Rotary Position Embeddings (RoPE): Attention is permutation-invariant — without position info, “dog bites man” and “man bites dog” look identical. RoPE encodes position by rotating query and key vectors by an angle proportional to their sequence position. It won over alternatives (absolute, relative, ALiBi) because it generalizes to longer sequences than it trained on, has zero trainable parameters (it’s a fixed math operation), and naturally encodes relative position (the angle between two positions depends only on their distance). One less thing to learn, one less thing to break.

SiLU Activation: The nonlinearity in the FFN. Without an activation function, stacking 80 layers of matrix multiplications would collapse to a single linear transformation — depth would be meaningless. SiLU (x × sigmoid(x)) replaced ReLU because ReLU kills all negative values (zero gradient = dead neuron = stops learning). SiLU is smooth, lets small negative values through, and trains better at scale. The extra sigmoid computation is trivial relative to the surrounding matrix multiplications.

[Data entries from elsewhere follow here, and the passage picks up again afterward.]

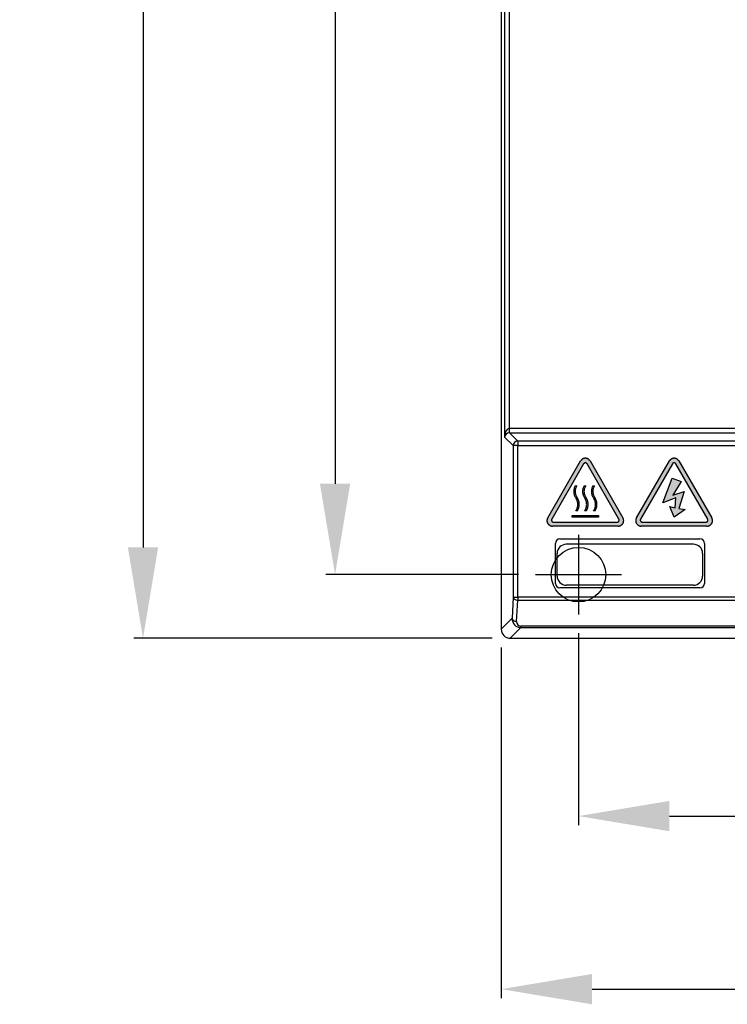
# Model space of a CAD drawing. Extents: x 2664 to 3343, y -1898 to 249.
# Tile 63 of 91: x 2924 to 3002, y -74 to 34. Entities that reach past the tile are written whole.
import ezdxf

# ---------------------------------------------------------------- set-up
doc = ezdxf.new("R2010")
doc.units = 0
doc.linetypes.add('CENTER2', pattern=[28.575000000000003, 19.05, -3.175, 3.175, -3.175])
doc.linetypes.add('PHANTOM2', pattern=[31.750000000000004, 15.875, -3.175, 3.175, -3.175, 3.175, -3.175])
doc.layers.get('DEFPOINTS').update_dxf_attribs({"color": 8, "linetype": 'CONTINUOUS'})
for name, color, linetype in [('3', 3, 'PHANTOM2'), ('CENTER', 1, 'CENTER2'), ('DIM', 2, 'CONTINUOUS')]:
    doc.layers.add(name, color=color, linetype=linetype)
doc.styles.add('DIMEMSIONS', font='isocp.shx', dxfattribs={"bigfont": 'chineset.shx'})
doc.dimstyles.new('ISO-25', dxfattribs={"dimtxt": 5, "dimasz": 5, "dimexe": 1, "dimexo": 1, "dimgap": 1, "dimtad": 1, "dimtxsty": 'DIMEMSIONS', "dimcen": 0, "dimclrd": 2, "dimclre": 2, "dimclrt": 2, "dimazin": 3, "dimtfac": 1, "dimtmove": 0, "dimatfit": 3})

# ---------------------------------------------------------------- blocks, each defined once
blk = doc.blocks.new('*D7')
at = {"layer": 'DEFPOINTS', "color": 0}
for p in [(2980.536097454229, 202.7882412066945), (2958.373413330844, -27.21175879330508), (2980.536097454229, -27.21175879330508)]:
    blk.add_point(p, dxfattribs=at)
at = {"layer": 'DIM', "color": 2}
for p, q in [((2978.536097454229, 202.7882412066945), (2957.373413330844, 202.7882412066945)), ((2958.373413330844, 192.7882412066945), (2958.373413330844, -17.21175879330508)), ((2978.536097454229, -27.21175879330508), (2957.373413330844, -27.21175879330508))]:
    blk.add_line(p, q, dxfattribs=at)
for points in [[(2956.706746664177, 192.7882412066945), (2960.04007999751, 192.7882412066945), (2958.373413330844, 202.7882412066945)], [(2956.706746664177, -17.21175879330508), (2960.04007999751, -17.21175879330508), (2958.373413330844, -27.21175879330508)]]:
    blk.add_solid(points, dxfattribs=at)
at = {"layer": 'DIM', "color": 2, "insert": (2951.372429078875, 87.78824120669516), "char_height": 10, "attachment_point": 5, "rotation": 90, "style": 'DIMEMSIONS'}
blk.add_mtext('230', dxfattribs=at)
blk = doc.blocks.new('*D8')
at = {"layer": 'DEFPOINTS', "color": 0}
for p in [(2977.646593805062, 210.7882412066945), (2937.25200594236, -34.21175879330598), (2977.646593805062, -34.21175879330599)]:
    blk.add_point(p, dxfattribs=at)
at = {"layer": 'DIM', "color": 2}
for p, q in [((2975.646593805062, 210.7882412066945), (2936.25200594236, 210.7882412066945)), ((2937.25200594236, 200.7882412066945), (2937.25200594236, -24.21175879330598)), ((2975.646593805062, -34.21175879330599), (2936.25200594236, -34.21175879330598))]:
    blk.add_line(p, q, dxfattribs=at)
for points in [[(2935.585339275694, 200.7882412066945), (2938.918672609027, 200.7882412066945), (2937.25200594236, 210.7882412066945)], [(2935.585339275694, -24.21175879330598), (2938.918672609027, -24.21175879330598), (2937.25200594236, -34.21175879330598)]]:
    blk.add_solid(points, dxfattribs=at)
at = {"layer": 'DIM', "color": 2, "insert": (2930.251021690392, 88.2882412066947), "char_height": 10, "attachment_point": 5, "rotation": 90, "style": 'DIMEMSIONS'}
blk.add_mtext('245', dxfattribs=at)
blk = doc.blocks.new('*D9')
at = {"layer": 'DEFPOINTS', "color": 0}
for p in [(2985.147964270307, -31.63474973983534), (3092.147964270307, -31.63474973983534), (3092.147964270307, -53.7671533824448)]:
    blk.add_point(p, dxfattribs=at)
at = {"layer": 'DIM', "color": 2}
for p, q in [((2985.147964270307, -33.63474973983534), (2985.147964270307, -54.7671533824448)), ((3092.147964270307, -33.63474973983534), (3092.147964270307, -54.7671533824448)), ((2995.147964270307, -53.7671533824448), (3082.147964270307, -53.7671533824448))]:
    blk.add_line(p, q, dxfattribs=at)
for points in [[(2995.147964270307, -52.10048671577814), (2995.147964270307, -55.43382004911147), (2985.147964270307, -53.7671533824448)], [(3082.147964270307, -52.10048671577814), (3082.147964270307, -55.43382004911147), (3092.147964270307, -53.7671533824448)]]:
    blk.add_solid(points, dxfattribs=at)
at = {"layer": 'DIM', "color": 2, "insert": (3038.647964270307, -46.7671533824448), "char_height": 10, "attachment_point": 5, "style": 'DIMEMSIONS'}
blk.add_mtext('107', dxfattribs=at)
blk = doc.blocks.new('*D10')
at = {"layer": 'DEFPOINTS', "color": 0}
for p in [(2976.647964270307, -33.21312925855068), (3100.14796427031, -33.21312925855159), (3100.14796427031, -72.80173477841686)]:
    blk.add_point(p, dxfattribs=at)
at = {"layer": 'DIM', "color": 2}
for p, q in [((2976.647964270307, -35.21312925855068), (2976.647964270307, -73.80173477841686)), ((3100.14796427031, -35.21312925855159), (3100.14796427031, -73.80173477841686)), ((2986.647964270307, -72.80173477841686), (3090.14796427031, -72.80173477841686))]:
    blk.add_line(p, q, dxfattribs=at)
for points in [[(2986.647964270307, -71.13506811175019), (2986.647964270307, -74.46840144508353), (2976.647964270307, -72.80173477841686)], [(3090.14796427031, -71.13506811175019), (3090.14796427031, -74.46840144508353), (3100.14796427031, -72.80173477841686)]]:
    blk.add_solid(points, dxfattribs=at)
at = {"layer": 'DIM', "color": 2, "insert": (3038.397964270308, -65.80075052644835), "char_height": 10, "attachment_point": 5, "style": 'DIMEMSIONS'}
blk.add_mtext('123.5', dxfattribs=at)

msp = doc.modelspace()

# ---------------------------------------------------------------- hatches: boundary and pattern name
at = {"layer": '3'}
h = msp.add_hatch(color=256, dxfattribs=at)
h.paths.add_polyline_path([(2984.441540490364, -20.70318064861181), (2987.357540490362, -20.70318064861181), (2987.357540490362, -20.89758064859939), (2984.441540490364, -20.89758064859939)], flags=0)
edge = h.paths.add_edge_path(flags=0)
edge.add_arc((2987.811312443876, -18.05709629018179), 1.088639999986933, 144.8746139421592, 215.1253860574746)
edge.add_arc((2985.776128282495, -19.48879522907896), 1.399680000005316, -30.75965840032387, 35.12538605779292, ccw=False)
edge.add_line((2986.978901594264, -20.204644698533), (2986.793720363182, -20.20464469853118))
edge.add_arc((2985.776128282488, -19.48879522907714), 1.244160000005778, 324.8746139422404, 395.1253860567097)
edge.add_arc((2987.811312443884, -18.05709629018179), 1.244159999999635, 149.7717028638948, 215.1253860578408, ccw=False)
edge.add_line((2986.736325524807, -17.43072800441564), (2986.920919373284, -17.43072800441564))
edge = h.paths.add_edge_path(flags=0)
edge.add_arc((2984.804128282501, -19.48879522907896), 1.399680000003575, 329.2403415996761, 395.1253860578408)
edge.add_arc((2986.839312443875, -18.05709629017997), 1.088639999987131, 144.8746139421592, 215.1253860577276, ccw=False)
edge.add_line((2985.948919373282, -17.43072800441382), (2985.764325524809, -17.43072800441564))
edge.add_arc((2986.839312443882, -18.05709629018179), 1.244159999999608, 149.7717028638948, 215.1253860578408)
edge.add_arc((2984.804128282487, -19.48879522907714), 1.244160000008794, -35.12538605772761, 35.12538605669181, ccw=False)
edge.add_line((2985.821720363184, -20.20464469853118), (2986.006901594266, -20.204644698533))
edge = h.paths.add_edge_path(flags=0)
edge.add_arc((2985.867312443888, -18.05709629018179), 1.244159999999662, 149.7717028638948, 215.1253860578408)
edge.add_arc((2983.832128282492, -19.48879522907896), 1.244160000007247, -35.12538605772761, 35.125386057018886, ccw=False)
edge.add_line((2984.84972036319, -20.204644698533), (2985.034901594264, -20.204644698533))
edge.add_arc((2983.8321282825, -19.48879522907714), 1.399680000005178, 329.2403415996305, 395.1253860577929)
edge.add_arc((2985.867312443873, -18.05709629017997), 1.088639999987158, 144.8746139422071, 215.1253860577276, ccw=False)
edge.add_line((2984.97691937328, -17.43072800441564), (2984.792325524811, -17.43072800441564))
edge = h.paths.add_edge_path(flags=16)
edge.add_arc((2989.397829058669, -21.20718064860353), 0.2249999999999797, 270, 389.9999999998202)
edge.add_line((2989.592684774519, -21.09468064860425), (2986.094396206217, -15.03546710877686))
edge.add_arc((2985.899540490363, -15.14796710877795), 0.2250000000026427, 29.99999999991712, 149.9999999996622)
edge.add_line((2985.704684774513, -15.03546710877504), (2982.206396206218, -21.09468064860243))
edge.add_arc((2982.401251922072, -21.20718064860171), 0.2249999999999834, 150.0000000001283, 270)
edge.add_line((2982.401251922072, -21.43218064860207), (2989.397829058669, -21.43218064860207))
edge = h.paths.add_edge_path()
edge.add_line((2986.419155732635, -14.71056710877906), (2990.036436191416, -20.97588064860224))
edge.add_arc((2989.516820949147, -21.27588064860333), 0.5999999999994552, -90, 29.999999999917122, ccw=False)
edge.add_line((2989.516820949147, -21.87588064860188), (2982.282260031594, -21.87588064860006))
edge.add_arc((2982.282260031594, -21.27588064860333), 0.5999999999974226, 150.0000000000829, 270, ccw=False)
edge.add_line((2981.762644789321, -20.97588064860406), (2985.379925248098, -14.71056710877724))
edge.add_arc((2985.899540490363, -15.01056710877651), 0.5999999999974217, 29.999999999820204, 150.0000000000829, ccw=False)
h = msp.add_hatch(color=256, dxfattribs=at)
edge = h.paths.add_edge_path(flags=16)
edge.add_line((2999.356567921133, -21.09468064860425), (2995.858279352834, -15.03546710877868))
edge.add_arc((2995.66342363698, -15.14796710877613), 0.2250000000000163, 29.99999999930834, 150.0000000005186)
edge.add_line((2995.46856792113, -15.03546710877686), (2991.970279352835, -21.09468064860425))
edge.add_arc((2992.165135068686, -21.20718064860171), 0.2249999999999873, 150.000000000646, 270.0000000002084)
edge.add_line((2992.165135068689, -21.43218064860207), (2999.161712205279, -21.43218064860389))
edge.add_arc((2999.161712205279, -21.20718064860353), 0.2250000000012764, 270, 389.999999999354)
h.paths.add_polyline_path([(2996.786287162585, -18.0770999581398), (2996.194127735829, -19.95405100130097), (2996.870881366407, -20.03225729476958), (2995.686562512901, -20.89252652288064), (2995.178997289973, -19.71943212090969), (2995.771156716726, -19.87584470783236), (2995.855750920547, -18.78095659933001), (2994.417649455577, -19.32840065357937), (2995.432779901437, -16.59118038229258), (2996.447910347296, -16.9822118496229), (2995.517374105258, -18.4681314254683)], flags=0)
edge = h.paths.add_edge_path()
edge.add_arc((2995.663423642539, -15.01056710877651), 0.5999999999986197, 29.99999998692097, 149.9999999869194)
edge.add_line((2995.143808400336, -14.71056710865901), (2991.526527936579, -20.97588064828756))
edge.add_arc((2992.046143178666, -21.27588064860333), 0.6000000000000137, 149.9999999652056, 269.9999999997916)
edge.add_line((2992.046143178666, -21.8758806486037), (2999.280704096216, -21.87588064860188))
edge.add_arc((2999.280704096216, -21.27588064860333), 0.5999999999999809, 270, 389.9999999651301)
edge.add_line((2999.80031933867, -20.97588064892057), (2996.183038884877, -14.71056710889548))

# ---------------------------------------------------------------- linework, layer by layer
for p, q in [((2981.762644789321, -20.97588064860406), (2985.379925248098, -14.71056710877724)), ((2985.704684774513, -15.03546710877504), (2982.206396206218, -21.09468064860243)), ((2989.592684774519, -21.09468064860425), (2986.094396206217, -15.03546710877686)), ((2986.419155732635, -14.71056710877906), (2990.036436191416, -20.97588064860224)), ((2991.526527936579, -20.97588064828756), (2995.143808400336, -14.71056710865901)), ((2995.46856792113, -15.03546710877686), (2991.970279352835, -21.09468064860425)), ((2999.356567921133, -21.09468064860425), (2995.858279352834, -15.03546710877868)), ((2996.183038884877, -14.71056710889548), (2999.80031933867, -20.97588064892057)), ((2994.417649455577, -19.32840065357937), (2995.432779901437, -16.59118038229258)), ((2995.432779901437, -16.59118038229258), (2996.447910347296, -16.9822118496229)), ((2996.447910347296, -16.9822118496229), (2995.517374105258, -18.4681314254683)), ((2984.792325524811, -17.43072800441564), (2984.97691937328, -17.43072800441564)), ((2985.764325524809, -17.43072800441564), (2985.948919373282, -17.43072800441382)), ((2986.736325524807, -17.43072800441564), (2986.920919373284, -17.43072800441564)), ((2995.517374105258, -18.4681314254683), (2996.786287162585, -18.0770999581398)), ((2996.786287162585, -18.0770999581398), (2996.194127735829, -19.95405100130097)), ((2995.855750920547, -18.78095659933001), (2994.417649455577, -19.32840065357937)), ((2995.771156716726, -19.87584470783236), (2995.855750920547, -18.78095659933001)), ((2985.034901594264, -20.204644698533), (2984.84972036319, -20.204644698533)), ((2986.006901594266, -20.204644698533), (2985.821720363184, -20.20464469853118)), ((2986.978901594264, -20.204644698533), (2986.793720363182, -20.20464469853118)), ((2995.178997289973, -19.71943212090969), (2995.771156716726, -19.87584470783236)), ((2995.686562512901, -20.89252652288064), (2995.178997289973, -19.71943212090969)), ((2996.870881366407, -20.03225729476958), (2995.686562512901, -20.89252652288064)), ((2996.194127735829, -19.95405100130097), (2996.870881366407, -20.03225729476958)), ((2982.401251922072, -21.43218064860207), (2989.397829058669, -21.43218064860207)), ((2984.441540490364, -20.89758064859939), (2984.441540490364, -20.70318064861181)), ((2984.441540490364, -20.70318064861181), (2987.357540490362, -20.70318064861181)), ((2987.357540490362, -20.89758064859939), (2984.441540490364, -20.89758064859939)), ((2987.357540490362, -20.70318064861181), (2987.357540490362, -20.89758064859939)), ((2992.165135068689, -21.43218064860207), (2999.161712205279, -21.43218064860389)), ((2989.516820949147, -21.87588064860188), (2982.282260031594, -21.87588064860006)), ((2999.280704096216, -21.87588064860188), (2992.046143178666, -21.8758806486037))]:
    msp.add_line(p, q, dxfattribs=at)
for centre, radius, start, end in [((2985.899540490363, -15.01056710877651), 0.5999999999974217, 29.99999999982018, 150.0000000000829), ((2985.899540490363, -15.14796710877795), 0.2250000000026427, 29.99999999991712, 149.9999999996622), ((2995.663423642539, -15.01056710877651), 0.5999999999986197, 29.99999998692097, 149.9999999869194), ((2995.66342363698, -15.14796710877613), 0.2250000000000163, 29.99999999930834, 150.0000000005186), ((2985.867312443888, -18.05709629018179), 1.244159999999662, 149.7717028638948, 215.1253860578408), ((2985.867312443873, -18.05709629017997), 1.088639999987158, 144.8746139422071, 215.1253860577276), ((2986.839312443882, -18.05709629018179), 1.244159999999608, 149.7717028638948, 215.1253860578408), ((2986.839312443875, -18.05709629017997), 1.088639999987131, 144.8746139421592, 215.1253860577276), ((2987.811312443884, -18.05709629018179), 1.244159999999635, 149.7717028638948, 215.1253860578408), ((2987.811312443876, -18.05709629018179), 1.088639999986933, 144.8746139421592, 215.1253860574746), ((2983.832128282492, -19.48879522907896), 1.244160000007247, 324.8746139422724, 35.12538605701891), ((2983.8321282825, -19.48879522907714), 1.399680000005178, 329.2403415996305, 35.12538605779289), ((2984.804128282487, -19.48879522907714), 1.244160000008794, 324.8746139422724, 35.1253860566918), ((2984.804128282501, -19.48879522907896), 1.399680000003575, 329.2403415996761, 35.12538605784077), ((2985.776128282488, -19.48879522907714), 1.244160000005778, 324.8746139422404, 35.12538605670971), ((2985.776128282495, -19.48879522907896), 1.399680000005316, 329.2403415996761, 35.12538605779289), ((2982.282260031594, -21.27588064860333), 0.5999999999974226, 150.0000000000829, 270), ((2982.401251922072, -21.20718064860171), 0.2249999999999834, 150.0000000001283, 270), ((2989.397829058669, -21.20718064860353), 0.2249999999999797, 270, 29.99999999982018), ((2989.516820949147, -21.27588064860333), 0.5999999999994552, 270, 29.99999999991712), ((2992.046143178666, -21.27588064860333), 0.6000000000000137, 149.9999999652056, 269.9999999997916), ((2992.165135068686, -21.20718064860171), 0.2249999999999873, 150.000000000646, 270.0000000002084), ((2999.161712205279, -21.20718064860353), 0.2250000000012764, 270, 29.99999999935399), ((2999.280704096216, -21.27588064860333), 0.5999999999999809, 270, 29.99999996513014)]:
    msp.add_arc(centre, radius, start, end, dxfattribs=at)
at = {"layer": 'CENTER'}
for p, q in [((2985.147964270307, -22.82470465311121), (2985.147964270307, -31.59881293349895)), ((2980.419727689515, -27.21175879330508), (2989.876200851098, -27.21175879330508))]:
    msp.add_line(p, q, dxfattribs=at)
at = {"layer": 'DIM'}
for p, q in [((2976.647964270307, 209.7896116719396), (2976.64796427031, -33.21312925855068)), ((2977.016190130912, 155.6557818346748), (2977.016190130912, -12.0792994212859)), ((2977.51550489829, 154.7080498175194), (2977.51550489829, -11.13156740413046)), ((2977.51550489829, -11.13156740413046), (2977.540271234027, -11.63019974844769)), ((3021.212641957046, -11.1303348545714), (2977.565169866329, -11.1303348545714)), ((2977.565169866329, -11.62964962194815), (2977.565169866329, -11.1303348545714)), ((2977.565169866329, -11.62964962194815), (3023.637791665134, -11.62964962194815)), ((2978.458844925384, -12.52332468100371), (2977.565169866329, -11.62964962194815)), ((2977.016190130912, -12.0792994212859), (2977.959530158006, -13.02263944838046)), ((3060.462956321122, -12.52332468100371), (2978.458844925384, -12.52332468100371)), ((2978.458844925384, -12.52332468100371), (2978.458844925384, -13.02263944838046)), ((2978.458844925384, -13.02263944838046), (2977.959530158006, -13.02263944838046)), ((2977.959530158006, -13.02263944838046), (2977.959530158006, -29.67588064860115)), ((2978.458844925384, -13.02263944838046), (3060.462956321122, -13.02263944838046)), ((2978.458844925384, -29.67588064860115), (2978.458844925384, -13.02263944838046)), ((2982.603404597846, -28.17588064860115), (2982.603404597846, -23.77588064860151)), ((2983.103404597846, -23.27588064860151), (2998.503404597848, -23.27588064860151)), ((2999.003404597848, -23.77588064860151), (2999.003404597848, -28.17588064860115)), ((2982.796054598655, -27.37545745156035), (2982.796054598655, -24.87545745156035)), ((2997.796054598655, -23.87545745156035), (2983.796054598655, -23.87545745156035)), ((2998.796054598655, -24.87545745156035), (2998.796054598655, -27.37545745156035)), ((2998.503404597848, -28.67588064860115), (2983.103404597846, -28.67588064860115)), ((2997.796054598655, -28.37545745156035), (2983.796054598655, -28.37545745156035)), ((2977.959530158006, -29.67588064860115), (2977.843046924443, -32.01804660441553)), ((2977.959530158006, -29.67588064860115), (2978.458844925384, -29.67588064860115)), ((2978.34236169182, -32.36222389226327), (2978.458844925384, -30.02005793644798)), ((3041.977584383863, -29.67588064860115), (2978.458844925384, -29.67588064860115)), ((2978.458844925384, -29.67588064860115), (2978.458844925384, -30.02005793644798)), ((2978.458844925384, -30.02005793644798), (3041.977584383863, -30.02005793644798)), ((2977.843046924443, -32.01804660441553), (2976.64796427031, -33.21312925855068)), ((2977.646593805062, -34.21175879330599), (2978.81554434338, -33.04280825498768)), ((2978.81554434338, -32.88767077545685), (2978.81554434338, -33.04280825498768)), ((3042.048843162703, -32.88767077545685), (2978.81554434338, -32.88767077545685)), ((2978.81554434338, -33.04280825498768), (3042.048843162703, -33.04280825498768)), ((2977.646593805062, -34.21175879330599), (3099.149334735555, -34.21175879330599))]:
    msp.add_line(p, q, dxfattribs=at)
at = {"layer": 'DIM', "ltscale": 22.78717994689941}
msp.add_circle((2985.147964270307, -27.21175879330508), 2.999999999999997, dxfattribs=at)
at = {"layer": 'DIM'}
for centre, radius, start, end in [((2983.103404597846, -23.77588064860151), 0.5000000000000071, 90, 180), ((2998.503404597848, -23.77588064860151), 0.5000000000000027, 0, 90), ((2983.796054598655, -24.87545745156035), 0.9999999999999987, 90, 180), ((2997.796054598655, -24.87545745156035), 0.9999999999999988, 0, 90), ((2983.796054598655, -27.37545745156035), 0.9999999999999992, 180, 270), ((2997.796054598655, -27.37545745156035), 0.9999999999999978, 270, 0), ((2983.103404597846, -28.17588064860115), 0.5000000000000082, 180, 270), ((2998.503404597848, -28.17588064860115), 0.5000000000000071, 270, 0)]:
    msp.add_arc(centre, radius, start, end, dxfattribs=at)
for centre, major_axis, ratio, start_param, end_param in [((2977.51550489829, -12.0792994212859), (0.03616246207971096, 0.948842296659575), 0.5255779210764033, 0.07238812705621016, 1.590824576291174), ((2977.51550489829, -12.0792994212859), (0.475697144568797, 0.1859739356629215), 0.8607594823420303, 1.196821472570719, 2.715257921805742), ((2977.567912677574, -12.13170720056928), (-0.7090462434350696, 0.7090462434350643), 0.9972646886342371, 5.499156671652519, 5.54877749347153), ((2977.567912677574, -12.13170720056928), (-0.3564599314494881, 0.3564599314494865), 0.9918460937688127, 5.499156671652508, 5.548777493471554), ((2978.458844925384, -13.02263944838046), (-0.3535533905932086, -0.3535533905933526), 0.9972646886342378, 3.928360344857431, 5.496417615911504), ((2978.458844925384, -29.67588064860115), (-0.4993827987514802, 0.02483586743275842), 0.6879070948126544, 0.07217071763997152, 1.604994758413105), ((2978.843119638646, -32.01660342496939), (-0.401659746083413, -0.950341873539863), 0.9640794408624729, 5.100721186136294, 6.668778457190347), ((2978.34236169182, -32.01804660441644), (-0.4993827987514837, 0.02483586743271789), 0.6879070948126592, 0.07217071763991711, 1.604994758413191), ((2978.843119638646, -32.36078071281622), (-0.2167702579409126, -0.48692090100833), 0.9286270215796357, 5.107142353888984, 6.675199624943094), ((2977.649336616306, -33.21038644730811), (-0.7090462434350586, -0.7090462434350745), 0.9972646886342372, 5.499156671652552, 7.067213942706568)]:
    msp.add_ellipse(centre, major_axis=major_axis, ratio=ratio, start_param=start_param, end_param=end_param, dxfattribs=at)

# ---------------------------------------------------------------- dimensions: what is measured, and where the dimension line sits
for base, p1, p2, picture, middle in [((2937.25200594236, -34.21175879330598), (2977.646593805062, 210.7882412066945), (2977.646593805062, -34.21175879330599), '*D8', (2930.251021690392, 88.2882412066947)), ((2958.373413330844, -27.21175879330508), (2980.536097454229, 202.7882412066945), (2980.536097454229, -27.21175879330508), '*D7', (2951.372429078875, 87.78824120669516))]:
    dim = msp.add_linear_dim(base=base, p1=p1, p2=p2, angle=90, dimstyle='ISO-25', override={"dimtxt": 10, "dimasz": 10, "dimexo": 2, "dimgap": 2}, dxfattribs=at)
    dim.commit()
    dim.dimension.update_dxf_attribs({"geometry": picture, "text_midpoint": middle})
for base, p1, p2, override, picture, middle in [((3092.147964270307, -53.7671533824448), (2985.147964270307, -31.63474973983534), (3092.147964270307, -31.63474973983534), {"dimtxt": 10, "dimasz": 10, "dimexo": 2, "dimgap": 2}, '*D9', (3038.647964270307, -46.7671533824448)), ((3100.14796427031, -72.80173477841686), (2976.647964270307, -33.21312925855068), (3100.14796427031, -33.21312925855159), {"dimtxt": 10, "dimasz": 10, "dimexe": 1, "dimexo": 2, "dimgap": 2}, '*D10', (3038.397964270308, -65.80075052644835))]:
    dim = msp.add_linear_dim(base=base, p1=p1, p2=p2, dimstyle='ISO-25', override=override, dxfattribs=at)
    dim.commit()
    dim.dimension.update_dxf_attribs({"geometry": picture, "text_midpoint": middle})

doc.saveas('drawing.dxf')

None of these are exciting choices. They’re the kind of thing that, if you get right, nobody notices. If you get wrong, training diverges at step 50,000 and you’ve wasted a week of GPU time.

Performance Profile

RMSNorm: Element-wise operations only — bandwidth-bound, not compute-bound. ~10-15% faster than LayerNorm (skips mean subtraction). Negligible cost relative to surrounding attention and FFN matmuls, but applied 160 times per token (2× per layer × 80 layers). Tiny cost × high frequency = still worth optimizing.
RoPE: Applied inside attention’s Q/K computation — a rotation (sin/cos multiplication) on each head’s vectors. Zero trainable parameters (purely mathematical). Compute cost is trivial relative to the QKV projections it sits between. The real value is inference-time: enables context length extension without retraining.
SiLU: One sigmoid + one multiply per element in the FFN hidden dimension (28,672 elements per token per layer). Bandwidth-bound, not compute-bound. ~2x the compute of ReLU but eliminates dead neurons that would otherwise waste capacity in the FFN’s 56.5B parameters.